MMW treatment alone neither affects human primary keratinocyte transcriptome (60.4 GHz-MMW at an IPD of 20 mW/cm2 for 3 h) in athermic conditions nor alters the ATP contents of exposed human neonatal cells. MMW interferes with the cellular response only with 2dG stressed keratinocytes. 2dG is a competitive inhibitor of glucose that interferes with the increase of potential cytokine-cytokine receptor interaction, interfering with cellular communication and disrupting the glucose pathway. 2dG is used to mimic the Warburg effect. In 2dG treated cells, six genes were identified to be MMW-sensitive. Although, acute MMW exposure alone had no impact on gene expression.[21] A study assessing the biological effects of 60 GHz MMW exposure on human keratinocytes demonstrated slight changes in intracellular metabolomic profiles but drastic changes in exo-metabolomic sequences. These changes suggest altered cell-membrane permeability secondary to exposure to MMW, as transcriptome analysis showed that these are not related to any alteration in gene expression.[22]

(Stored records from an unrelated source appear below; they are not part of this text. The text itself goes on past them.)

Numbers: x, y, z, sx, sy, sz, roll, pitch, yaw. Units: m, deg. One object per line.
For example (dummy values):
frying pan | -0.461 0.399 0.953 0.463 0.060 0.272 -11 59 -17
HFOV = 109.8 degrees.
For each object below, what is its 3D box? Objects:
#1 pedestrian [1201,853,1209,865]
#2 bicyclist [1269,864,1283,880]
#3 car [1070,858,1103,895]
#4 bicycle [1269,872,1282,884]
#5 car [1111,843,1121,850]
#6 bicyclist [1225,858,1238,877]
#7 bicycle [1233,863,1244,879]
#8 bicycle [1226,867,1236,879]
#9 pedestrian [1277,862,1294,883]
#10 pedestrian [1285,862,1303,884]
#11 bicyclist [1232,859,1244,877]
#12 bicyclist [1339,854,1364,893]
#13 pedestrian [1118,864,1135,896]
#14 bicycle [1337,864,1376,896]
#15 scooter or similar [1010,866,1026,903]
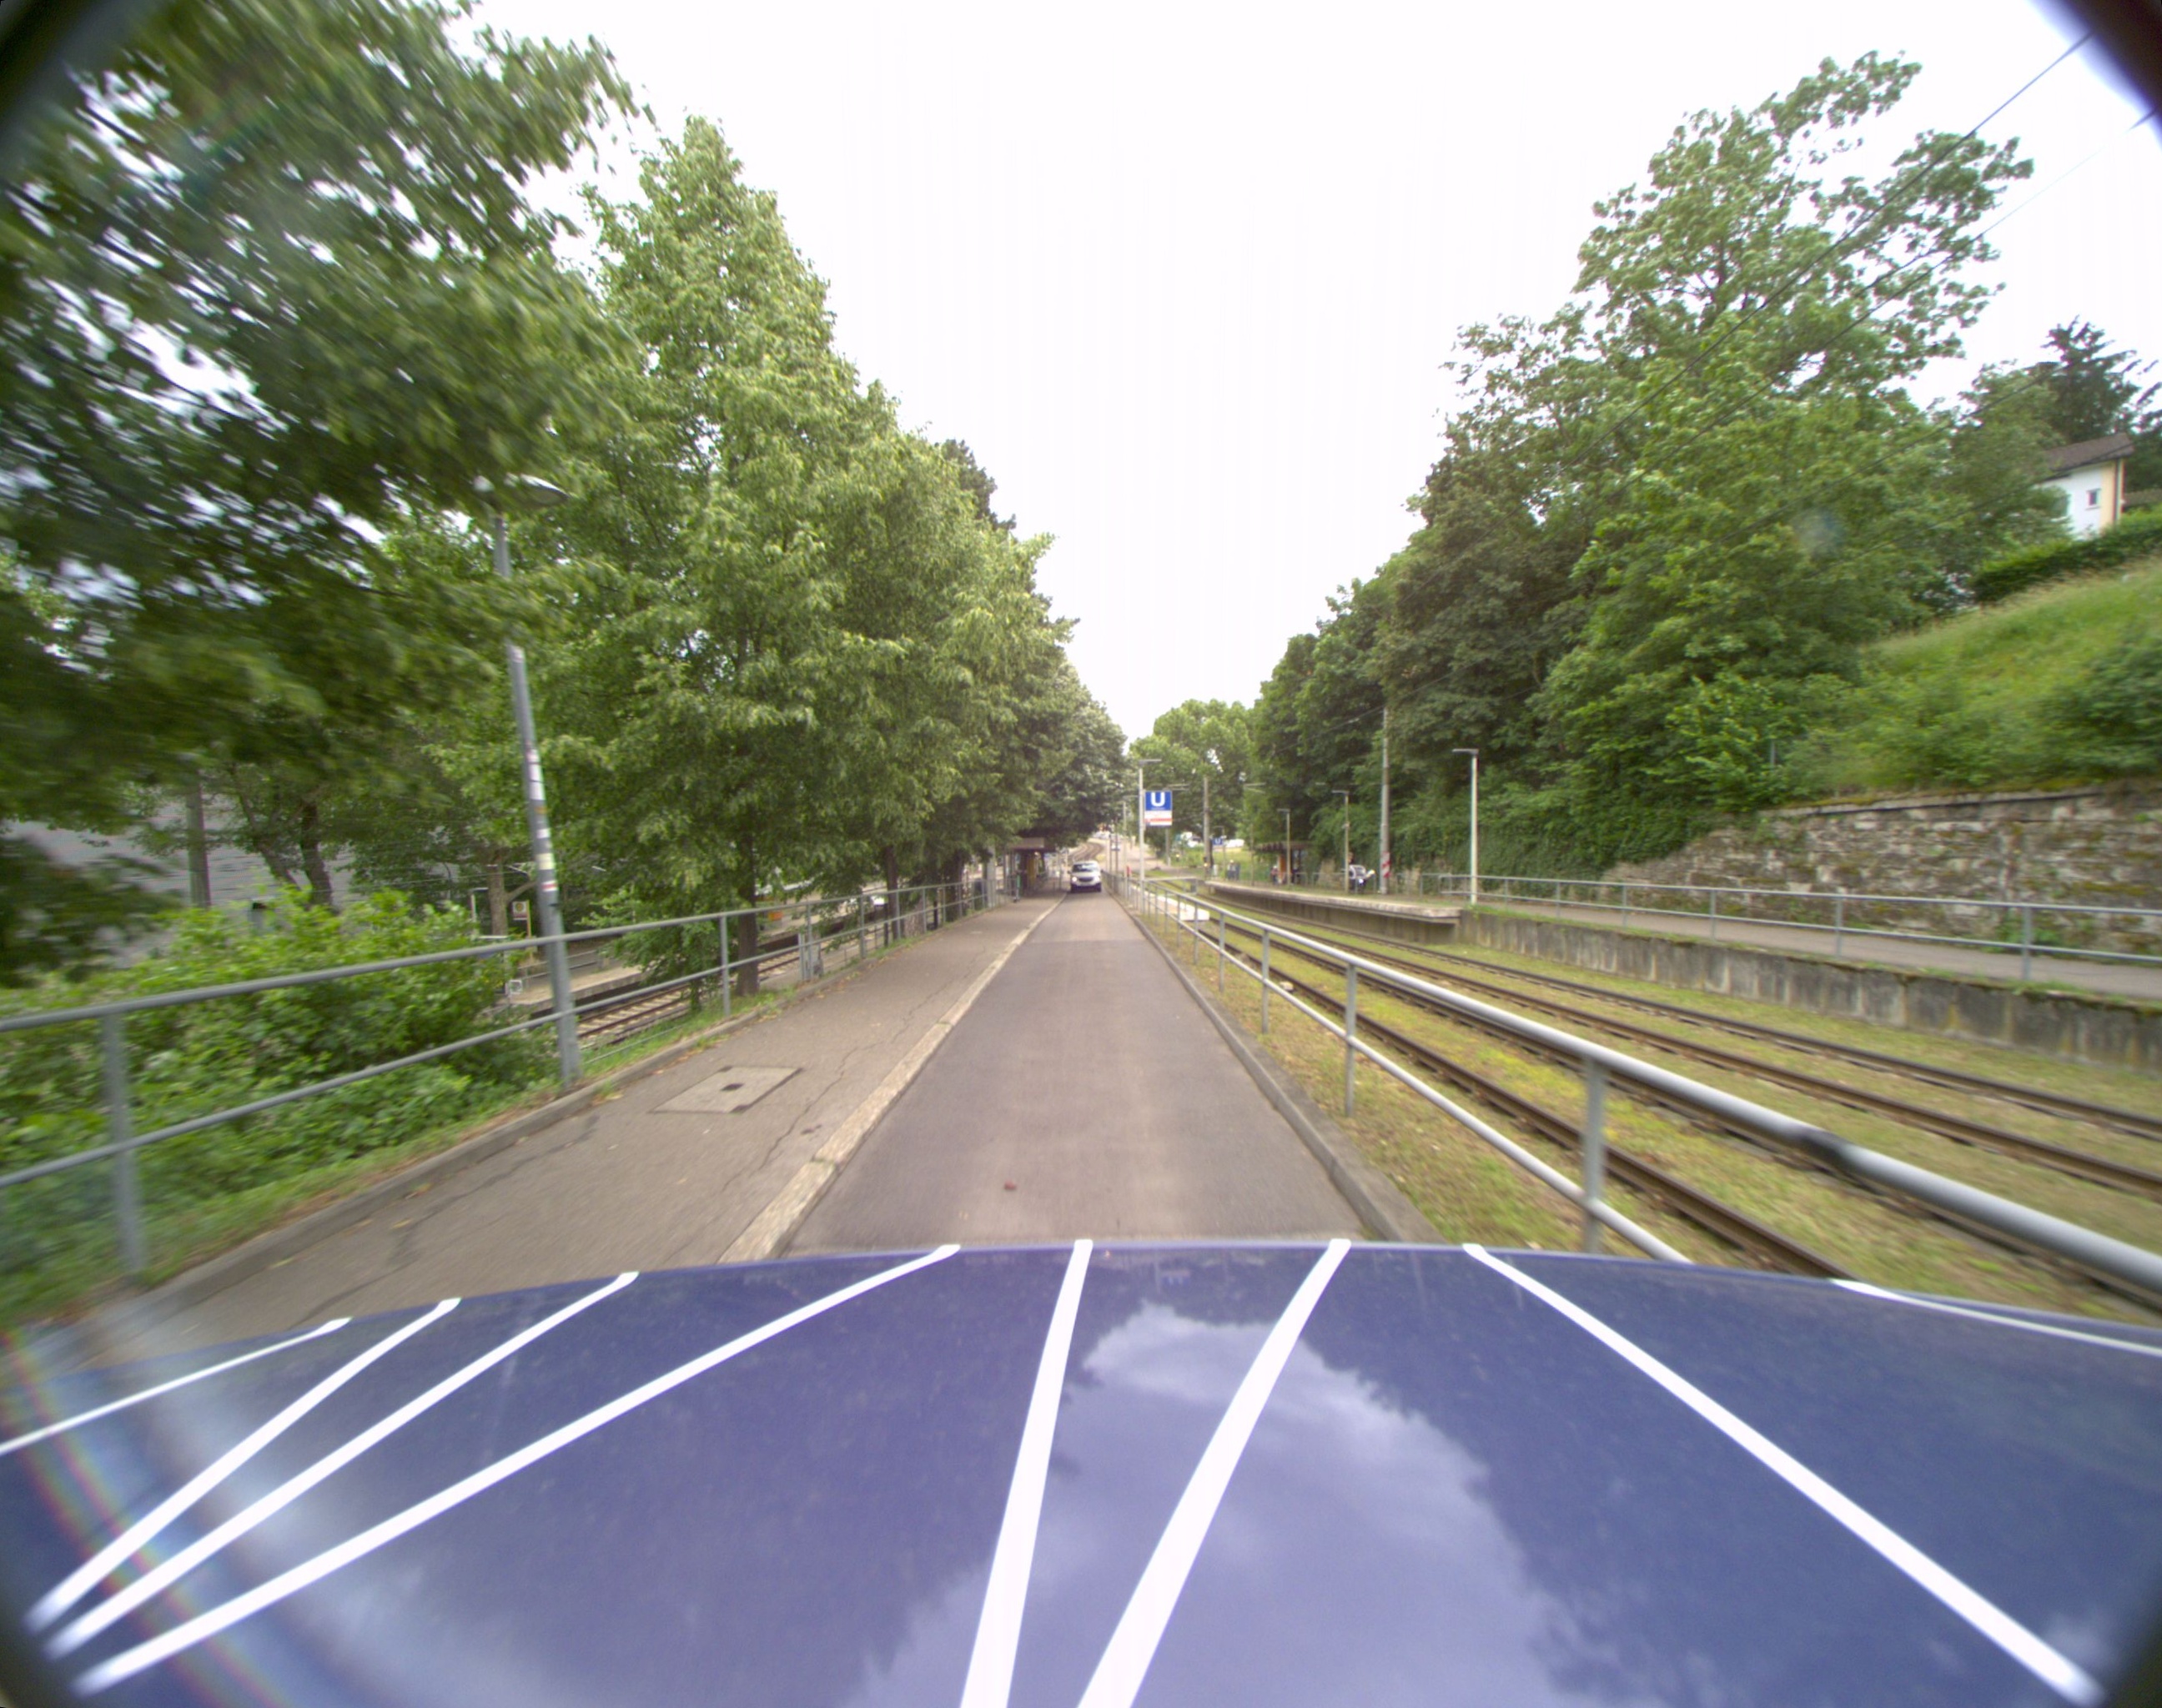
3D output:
pedestrian | 17.777 0.720 108.893 1.116 1.724 0.694 -1 1 11
bicyclist | 12.447 1.148 48.445 0.691 1.047 0.744 -1 0 0
car | 0.327 1.273 44.915 1.810 1.910 4.477 -2 1 0
bicycle | 12.395 1.518 48.515 0.451 0.776 1.565 -1 -1 1
car | 8.441 -1.765 180.936 1.997 1.648 4.002 -1 1 7
bicyclist | 11.756 1.065 59.325 0.747 1.422 0.908 -2 -1 1
bicycle | 12.680 1.365 61.117 0.464 1.181 1.940 -2 -1 1
bicycle | 11.765 1.498 59.649 0.479 0.919 1.845 -2 -2 1
pedestrian | 13.461 1.196 49.935 0.823 1.315 0.774 -2 1 -5
pedestrian | 13.665 1.186 48.752 0.823 1.367 0.774 -2 1 -5
bicyclist | 12.617 1.116 61.223 0.732 1.434 0.840 -1 -1 -1
bicyclist | 11.581 0.813 32.603 0.706 1.619 1.033 -2 0 4
pedestrian | 2.119 1.211 35.808 0.739 1.493 0.627 -2 0 2
bicycle | 11.565 1.062 31.961 0.752 1.232 2.868 -2 -1 4
scooter or similar | -2.460 1.185 29.781 0.431 1.376 1.455 -2 1 0

3D skin model was exposed to 28, 40 and 60 GHz in both one-layer and three-layer models, SAR was calculated, and temperature response of the human body was noted. The maximum temperature rise, which was 0.59°C at 60 GHz in the case of a three-layer model, is below the acceptable temperature limit (1°C) according to safety limit guidelines by Institute of Electrical and Electronics Engineers (IEEE) on MMW radiations.[23,24]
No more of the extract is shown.